What about performance?
Raw performance ranking is: enterprise server, mini PC, Raspberry Pi. But raw benchmarks aren’t the right question. The right question is whether the hardware comfortably runs what you want to run. A mini PC running Proxmox with a Debian VM hosting 10 Docker containers (Pi-hole, Jellyfin, Immich, Vaultwarden, Paperless-ngx, Uptime Kuma, Portainer, a reverse proxy, Syncthing, and a backup service) runs at 15-25% CPU and 40-60% RAM. There’s plenty of headroom.
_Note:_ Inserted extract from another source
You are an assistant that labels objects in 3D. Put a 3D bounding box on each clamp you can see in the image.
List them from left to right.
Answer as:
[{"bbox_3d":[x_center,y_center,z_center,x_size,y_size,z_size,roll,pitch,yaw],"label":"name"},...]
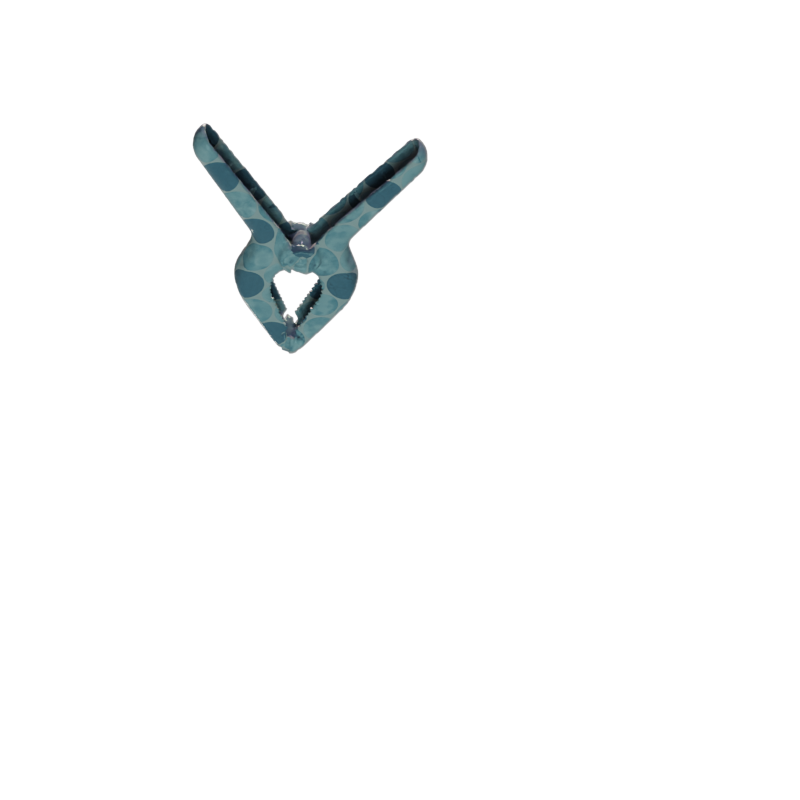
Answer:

The enterprise server is faster, but for a first homelab you won’t come close to using its capacity. You’re paying to idle 16 cores.
Which should you buy?
Use this decision tree.
Buy a Raspberry Pi 5 if:
- You want a single-purpose device (Pi-hole, Home Assistant, etc.) and you know exactly what it’s for.
- Power and silence are hard requirements (bedroom, solar, battery).
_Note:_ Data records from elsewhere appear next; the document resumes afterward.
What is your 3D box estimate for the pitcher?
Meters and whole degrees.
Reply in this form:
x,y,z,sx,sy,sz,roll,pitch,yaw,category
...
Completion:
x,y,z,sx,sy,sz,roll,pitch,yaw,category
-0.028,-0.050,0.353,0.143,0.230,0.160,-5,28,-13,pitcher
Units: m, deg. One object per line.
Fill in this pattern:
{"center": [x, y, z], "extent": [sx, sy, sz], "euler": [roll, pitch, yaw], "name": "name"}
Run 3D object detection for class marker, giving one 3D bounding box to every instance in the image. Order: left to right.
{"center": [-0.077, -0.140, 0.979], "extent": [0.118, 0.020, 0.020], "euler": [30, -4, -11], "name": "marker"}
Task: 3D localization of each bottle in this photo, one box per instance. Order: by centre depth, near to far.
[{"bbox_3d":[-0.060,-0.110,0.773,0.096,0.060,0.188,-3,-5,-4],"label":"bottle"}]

- You’re at the “is homelabbing for me at all?” stage and want to spend as little as possible.
Buy a mini PC if:
- You want to run Proxmox, Docker, and a handful of services.
- You want to try things, change your mind, and add services over time.
- You need the homelab to live in a normal living space.
- This is your first homelab and you’re not sure yet what you’ll end up running.
Buy a used enterprise server if:
- You have a basement, garage, or dedicated equipment room.
- You specifically want to learn enterprise-grade hardware and out-of-band management.
- You have a clear plan for workloads that need 16+ cores and 64GB+ RAM.
- Power and noise genuinely don’t matter for your situation.
For 90% of people starting their first homelab: get a mini PC. If you outgrow it in a year, you’ve paid for it many times over in learning, and you can add a second node or upgrade without regret. You can see a full build sheet in the budget homelab starter stack, which lays out what to buy around the mini PC to complete a working setup.
The honest summary
The homelab forums will tell you there’s a right answer. There isn’t. There’s a right answer for your constraints. A Pi is right when the job is small and the constraints are tight. A used server is right when the job is big and the constraints are loose. A mini PC is right for almost everything in between, which is where most first homelabs actually live.
Start with the mini PC. If you need something bigger or smaller later, that purchase will tell you exactly what to buy next.